Абдель Аль придерживается другого мнения. Он – единственный, кто склоняет соседей прекратить платить аренду. Именно он в конечном счете наводит страх и ужас на бездушного домовладельца Си Халиля. К концу книги они однажды встретятся в парке. Си Халиль делает вид, что им следует понять друг друга, прийти к какому-либо соглашению. «Нам с тобой не дано понять друг друга, – отвечает Абдель Аль. – Нет между нами ничего общего». Однако Си Халиль упорствует. Он приходит в ужас оттого, что может случиться, коль скоро свихнувшиеся обитатели всех его трещащих по швам домов начнут думать так же, как Абдель Аль.
– Ты боишься отнюдь не меня, а всей той толпы людей, что стоят за мной, разве ты их не видишь? – спрашивает Абдель Аль.
Си Халиль пытается поделиться с ним своей скорбью:
– На жизненном пути нас ждет великое множество испытаний.
– На жизненном пути, – парирует Абдель Аль, – порой подстерегает и мщение.
Си Халиль преисполнен скептицизма и презрения.
– Твои слова лишены всякого смысла, – повторяет он.
– Когда-нибудь ты заговоришь иначе, – твердит Абдель Аль.
– Ты раньше загнешься, – отвечает Си Халиль.
– Дом нас всех прихлопнет, – заключает Абдель Аль. – Но нас много.
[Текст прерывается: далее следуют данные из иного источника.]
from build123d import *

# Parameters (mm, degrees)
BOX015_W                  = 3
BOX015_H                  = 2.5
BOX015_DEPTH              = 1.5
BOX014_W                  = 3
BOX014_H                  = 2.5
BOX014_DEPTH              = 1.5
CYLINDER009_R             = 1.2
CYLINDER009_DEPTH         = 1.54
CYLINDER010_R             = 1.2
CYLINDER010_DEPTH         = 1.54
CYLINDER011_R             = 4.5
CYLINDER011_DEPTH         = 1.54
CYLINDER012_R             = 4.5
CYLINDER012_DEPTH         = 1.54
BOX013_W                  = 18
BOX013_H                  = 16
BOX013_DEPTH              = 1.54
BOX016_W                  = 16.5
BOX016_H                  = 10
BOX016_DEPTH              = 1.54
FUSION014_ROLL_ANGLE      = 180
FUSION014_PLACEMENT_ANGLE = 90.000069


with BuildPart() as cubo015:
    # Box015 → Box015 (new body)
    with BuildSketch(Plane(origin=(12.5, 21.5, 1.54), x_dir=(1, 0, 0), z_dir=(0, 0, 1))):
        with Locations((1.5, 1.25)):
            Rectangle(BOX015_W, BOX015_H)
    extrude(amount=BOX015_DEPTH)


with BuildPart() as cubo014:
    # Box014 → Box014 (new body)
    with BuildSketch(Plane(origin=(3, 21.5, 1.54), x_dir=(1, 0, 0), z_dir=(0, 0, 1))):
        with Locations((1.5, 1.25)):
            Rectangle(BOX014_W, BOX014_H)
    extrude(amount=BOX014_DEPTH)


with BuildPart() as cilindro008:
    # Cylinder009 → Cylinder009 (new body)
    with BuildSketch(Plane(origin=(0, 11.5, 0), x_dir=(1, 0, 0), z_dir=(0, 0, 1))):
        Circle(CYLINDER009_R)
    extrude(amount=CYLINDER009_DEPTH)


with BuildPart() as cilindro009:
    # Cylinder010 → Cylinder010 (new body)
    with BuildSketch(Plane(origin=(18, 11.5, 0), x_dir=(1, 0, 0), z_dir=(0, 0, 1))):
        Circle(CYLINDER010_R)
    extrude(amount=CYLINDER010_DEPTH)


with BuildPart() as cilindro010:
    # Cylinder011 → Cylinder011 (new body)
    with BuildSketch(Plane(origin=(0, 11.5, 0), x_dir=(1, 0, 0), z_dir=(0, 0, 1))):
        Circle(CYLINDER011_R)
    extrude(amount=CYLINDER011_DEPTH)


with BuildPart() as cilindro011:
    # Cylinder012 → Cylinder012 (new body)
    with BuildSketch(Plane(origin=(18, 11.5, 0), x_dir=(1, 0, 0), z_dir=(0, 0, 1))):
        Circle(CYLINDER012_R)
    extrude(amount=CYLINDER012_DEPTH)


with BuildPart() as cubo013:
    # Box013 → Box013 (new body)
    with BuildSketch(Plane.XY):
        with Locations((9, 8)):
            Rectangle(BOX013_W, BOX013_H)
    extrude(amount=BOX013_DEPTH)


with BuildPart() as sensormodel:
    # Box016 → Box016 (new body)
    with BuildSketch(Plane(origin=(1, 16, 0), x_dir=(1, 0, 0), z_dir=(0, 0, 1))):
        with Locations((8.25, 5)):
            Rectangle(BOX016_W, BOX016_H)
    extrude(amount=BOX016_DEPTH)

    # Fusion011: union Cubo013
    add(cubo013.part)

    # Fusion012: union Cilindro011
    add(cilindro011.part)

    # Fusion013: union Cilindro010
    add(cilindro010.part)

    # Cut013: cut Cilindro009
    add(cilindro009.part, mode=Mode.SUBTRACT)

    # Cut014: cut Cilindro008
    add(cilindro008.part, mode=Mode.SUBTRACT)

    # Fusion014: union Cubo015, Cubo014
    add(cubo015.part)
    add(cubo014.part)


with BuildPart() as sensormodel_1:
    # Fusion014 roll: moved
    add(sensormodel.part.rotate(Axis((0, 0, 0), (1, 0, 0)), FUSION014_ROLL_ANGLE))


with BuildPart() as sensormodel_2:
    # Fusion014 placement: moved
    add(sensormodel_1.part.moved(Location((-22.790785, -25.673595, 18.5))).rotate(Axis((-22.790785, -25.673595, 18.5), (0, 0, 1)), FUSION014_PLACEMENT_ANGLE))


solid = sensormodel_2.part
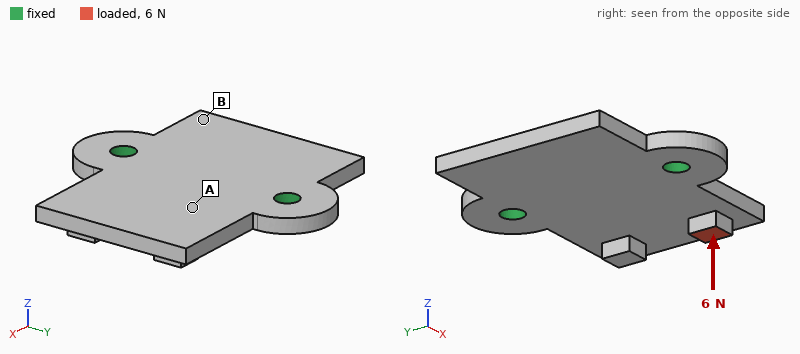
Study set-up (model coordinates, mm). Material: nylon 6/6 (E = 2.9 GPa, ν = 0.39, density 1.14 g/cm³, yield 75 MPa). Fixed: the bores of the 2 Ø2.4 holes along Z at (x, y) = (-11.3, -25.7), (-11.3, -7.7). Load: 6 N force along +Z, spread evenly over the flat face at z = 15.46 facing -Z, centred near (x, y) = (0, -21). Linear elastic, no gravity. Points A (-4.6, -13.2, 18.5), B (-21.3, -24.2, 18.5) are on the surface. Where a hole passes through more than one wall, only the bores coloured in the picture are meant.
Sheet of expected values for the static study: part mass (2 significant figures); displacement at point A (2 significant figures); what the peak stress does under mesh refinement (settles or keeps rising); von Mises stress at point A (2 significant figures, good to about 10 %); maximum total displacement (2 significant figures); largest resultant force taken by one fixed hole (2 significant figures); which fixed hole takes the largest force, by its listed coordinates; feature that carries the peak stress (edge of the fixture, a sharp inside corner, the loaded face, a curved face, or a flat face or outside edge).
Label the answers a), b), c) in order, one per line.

a) 0.92 g
b) 0.086 mm
c) keeps rising
d) 4.1 MPa
e) 0.35 mm
f) 4.8 N
g) (-11.3, -25.7)
h) edge of the fixture
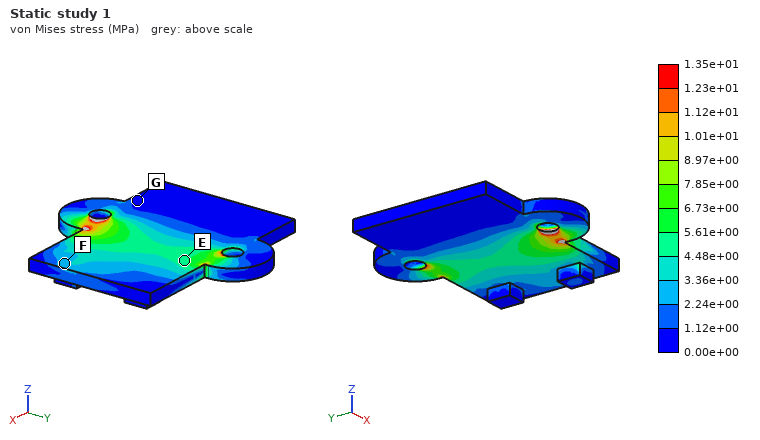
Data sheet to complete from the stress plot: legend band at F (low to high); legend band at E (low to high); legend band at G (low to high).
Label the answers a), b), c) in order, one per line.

a) 2.24e+00 to 3.36e+00 MPa
b) 4.48e+00 to 5.61e+00 MPa
c) 0.00e+00 to 1.12e+00 MPa
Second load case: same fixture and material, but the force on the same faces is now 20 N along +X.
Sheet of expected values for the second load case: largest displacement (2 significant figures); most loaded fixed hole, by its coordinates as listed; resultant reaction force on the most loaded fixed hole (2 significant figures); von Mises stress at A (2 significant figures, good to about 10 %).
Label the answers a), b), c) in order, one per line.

a) 0.36 mm
b) (-11.3, -25.7)
c) 15 N
d) 5.4 MPa
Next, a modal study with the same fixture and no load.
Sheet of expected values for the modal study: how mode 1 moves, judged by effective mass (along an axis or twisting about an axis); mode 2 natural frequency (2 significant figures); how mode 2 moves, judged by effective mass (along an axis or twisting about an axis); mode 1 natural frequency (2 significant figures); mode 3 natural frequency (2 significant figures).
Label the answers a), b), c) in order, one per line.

a) along Z
b) 3000 Hz
c) along Z
d) 1700 Hz
e) 4400 Hz
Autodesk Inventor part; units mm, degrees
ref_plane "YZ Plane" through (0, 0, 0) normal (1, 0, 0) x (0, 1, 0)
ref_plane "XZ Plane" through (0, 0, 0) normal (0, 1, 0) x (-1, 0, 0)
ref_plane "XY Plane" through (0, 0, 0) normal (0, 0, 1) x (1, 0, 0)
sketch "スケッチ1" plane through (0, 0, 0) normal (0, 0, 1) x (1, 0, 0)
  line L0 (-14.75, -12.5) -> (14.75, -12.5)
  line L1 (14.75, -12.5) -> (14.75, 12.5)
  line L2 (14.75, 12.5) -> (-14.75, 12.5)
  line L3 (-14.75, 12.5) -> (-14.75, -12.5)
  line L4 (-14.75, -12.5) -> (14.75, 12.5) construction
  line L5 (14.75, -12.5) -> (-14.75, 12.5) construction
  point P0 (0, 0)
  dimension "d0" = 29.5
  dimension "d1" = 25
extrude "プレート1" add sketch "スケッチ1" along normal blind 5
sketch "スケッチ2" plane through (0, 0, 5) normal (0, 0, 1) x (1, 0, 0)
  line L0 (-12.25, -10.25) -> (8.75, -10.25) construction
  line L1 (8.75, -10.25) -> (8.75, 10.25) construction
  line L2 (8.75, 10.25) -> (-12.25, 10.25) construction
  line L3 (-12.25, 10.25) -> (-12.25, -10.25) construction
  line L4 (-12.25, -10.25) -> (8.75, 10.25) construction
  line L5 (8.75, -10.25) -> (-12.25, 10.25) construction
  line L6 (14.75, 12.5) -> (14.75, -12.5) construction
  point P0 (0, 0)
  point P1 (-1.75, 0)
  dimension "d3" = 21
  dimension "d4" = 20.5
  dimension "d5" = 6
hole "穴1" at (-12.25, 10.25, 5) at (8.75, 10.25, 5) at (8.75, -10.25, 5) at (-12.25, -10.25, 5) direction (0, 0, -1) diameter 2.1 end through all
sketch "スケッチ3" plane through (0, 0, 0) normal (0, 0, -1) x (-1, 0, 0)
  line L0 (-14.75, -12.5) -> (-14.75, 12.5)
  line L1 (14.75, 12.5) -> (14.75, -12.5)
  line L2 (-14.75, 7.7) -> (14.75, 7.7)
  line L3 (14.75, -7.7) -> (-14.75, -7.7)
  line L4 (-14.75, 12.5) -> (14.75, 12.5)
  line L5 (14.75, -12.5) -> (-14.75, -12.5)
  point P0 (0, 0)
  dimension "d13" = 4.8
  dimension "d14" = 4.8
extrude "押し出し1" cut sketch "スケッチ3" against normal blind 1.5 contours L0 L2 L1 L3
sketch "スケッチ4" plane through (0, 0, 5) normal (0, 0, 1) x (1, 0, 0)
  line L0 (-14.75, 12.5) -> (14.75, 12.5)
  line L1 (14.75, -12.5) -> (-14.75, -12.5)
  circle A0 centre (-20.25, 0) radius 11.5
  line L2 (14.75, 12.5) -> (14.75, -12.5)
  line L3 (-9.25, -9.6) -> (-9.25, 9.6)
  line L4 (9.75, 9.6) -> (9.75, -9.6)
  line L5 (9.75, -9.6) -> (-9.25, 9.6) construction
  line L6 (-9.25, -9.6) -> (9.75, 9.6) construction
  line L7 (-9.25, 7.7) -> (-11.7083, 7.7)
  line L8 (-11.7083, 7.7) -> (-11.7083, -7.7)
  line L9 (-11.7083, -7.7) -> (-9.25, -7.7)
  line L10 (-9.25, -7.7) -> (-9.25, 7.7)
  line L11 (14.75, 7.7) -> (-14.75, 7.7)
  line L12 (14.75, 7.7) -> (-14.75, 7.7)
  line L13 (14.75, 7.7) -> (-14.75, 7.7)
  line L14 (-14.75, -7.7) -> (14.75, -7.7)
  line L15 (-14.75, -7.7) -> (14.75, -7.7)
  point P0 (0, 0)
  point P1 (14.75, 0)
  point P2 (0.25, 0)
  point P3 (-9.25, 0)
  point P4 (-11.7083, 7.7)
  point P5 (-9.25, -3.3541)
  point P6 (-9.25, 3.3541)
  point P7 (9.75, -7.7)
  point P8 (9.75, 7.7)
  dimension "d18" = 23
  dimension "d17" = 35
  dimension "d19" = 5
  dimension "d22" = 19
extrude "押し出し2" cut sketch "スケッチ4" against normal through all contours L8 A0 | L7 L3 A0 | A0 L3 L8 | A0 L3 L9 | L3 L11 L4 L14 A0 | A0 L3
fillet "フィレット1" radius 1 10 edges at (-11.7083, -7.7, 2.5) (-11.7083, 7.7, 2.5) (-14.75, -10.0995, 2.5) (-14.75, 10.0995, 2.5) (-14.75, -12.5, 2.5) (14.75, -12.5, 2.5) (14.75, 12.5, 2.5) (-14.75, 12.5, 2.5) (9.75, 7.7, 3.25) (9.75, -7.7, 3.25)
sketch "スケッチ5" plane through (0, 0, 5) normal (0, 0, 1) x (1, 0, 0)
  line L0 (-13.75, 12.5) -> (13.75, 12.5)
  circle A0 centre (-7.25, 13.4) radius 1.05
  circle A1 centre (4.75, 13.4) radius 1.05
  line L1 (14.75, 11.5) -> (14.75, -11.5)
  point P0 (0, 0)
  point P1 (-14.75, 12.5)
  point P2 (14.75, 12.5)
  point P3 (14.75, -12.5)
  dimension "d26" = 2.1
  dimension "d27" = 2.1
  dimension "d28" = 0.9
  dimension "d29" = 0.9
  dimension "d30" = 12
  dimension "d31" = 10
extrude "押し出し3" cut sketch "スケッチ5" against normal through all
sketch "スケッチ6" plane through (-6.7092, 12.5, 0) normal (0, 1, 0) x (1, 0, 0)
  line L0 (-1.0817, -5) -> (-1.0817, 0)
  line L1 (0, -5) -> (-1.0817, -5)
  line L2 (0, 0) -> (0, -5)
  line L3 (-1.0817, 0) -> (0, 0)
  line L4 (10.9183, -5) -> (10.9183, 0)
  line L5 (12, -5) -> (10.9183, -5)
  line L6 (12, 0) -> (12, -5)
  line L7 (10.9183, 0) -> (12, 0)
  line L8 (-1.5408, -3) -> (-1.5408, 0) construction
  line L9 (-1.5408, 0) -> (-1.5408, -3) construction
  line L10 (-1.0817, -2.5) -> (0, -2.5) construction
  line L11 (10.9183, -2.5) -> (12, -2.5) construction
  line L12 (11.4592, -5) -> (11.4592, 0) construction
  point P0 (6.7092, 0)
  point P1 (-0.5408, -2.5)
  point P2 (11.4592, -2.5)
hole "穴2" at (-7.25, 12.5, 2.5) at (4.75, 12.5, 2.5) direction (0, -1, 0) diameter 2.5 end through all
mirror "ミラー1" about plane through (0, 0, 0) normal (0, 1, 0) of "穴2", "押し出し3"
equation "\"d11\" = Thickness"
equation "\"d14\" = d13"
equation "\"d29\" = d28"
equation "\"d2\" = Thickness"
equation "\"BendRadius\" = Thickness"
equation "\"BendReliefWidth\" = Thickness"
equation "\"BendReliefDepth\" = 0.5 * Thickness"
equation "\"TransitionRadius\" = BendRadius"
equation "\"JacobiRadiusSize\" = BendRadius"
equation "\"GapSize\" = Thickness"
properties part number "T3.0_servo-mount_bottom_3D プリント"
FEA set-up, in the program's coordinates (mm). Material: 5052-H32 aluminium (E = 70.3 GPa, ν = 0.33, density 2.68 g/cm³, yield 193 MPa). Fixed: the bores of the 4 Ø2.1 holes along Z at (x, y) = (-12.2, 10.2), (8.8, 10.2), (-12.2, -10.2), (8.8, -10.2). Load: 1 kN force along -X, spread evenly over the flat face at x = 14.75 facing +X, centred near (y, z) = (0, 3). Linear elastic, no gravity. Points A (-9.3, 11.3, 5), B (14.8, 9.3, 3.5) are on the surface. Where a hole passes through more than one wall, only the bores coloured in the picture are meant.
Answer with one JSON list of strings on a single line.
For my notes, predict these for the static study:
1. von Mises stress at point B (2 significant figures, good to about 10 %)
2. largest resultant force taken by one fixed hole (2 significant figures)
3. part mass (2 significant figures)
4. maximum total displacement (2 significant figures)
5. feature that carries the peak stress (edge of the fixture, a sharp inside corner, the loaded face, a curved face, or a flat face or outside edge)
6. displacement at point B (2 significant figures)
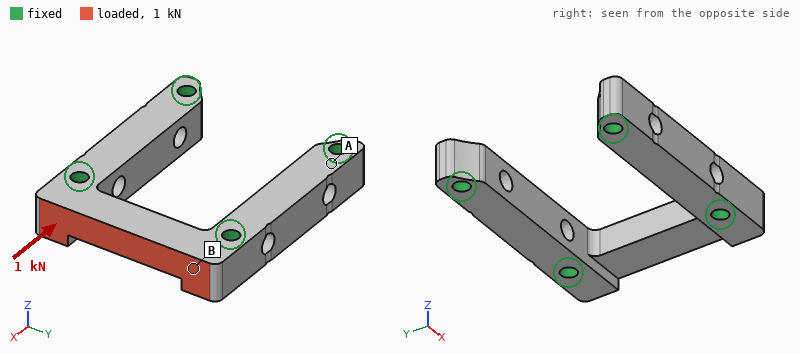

Всех не убьет. Кто-нибудь выживет и поймет, как отомстить за себя.
На этом они расстаются. Что ж, дождемся, когда дом рухнет.
Замри, как колибри
Я летел из Нью-Йорка в Сан-Франциско, когда на высоте тридцати – сорока тысяч футов без малейшей вибрации, и уж точно совершенно ненамеренно с моей стороны, передвинулся на несколько сантиметров в будущее. Наш рейс продолжался пять с половиной часов. Мы летели днем, так что, несмотря на высоту, земля внизу (или то, во что превратил ее человек) была отчетливо узнаваема. Человек! Какой он все-таки блистательный геометр! И какими правильными прямоугольниками и квадратами нарезал округа – мы пересекали их в мгновение ока. Происходящее очень напоминало пифагоровы фигуры из диснеевской «Страны Матемагии».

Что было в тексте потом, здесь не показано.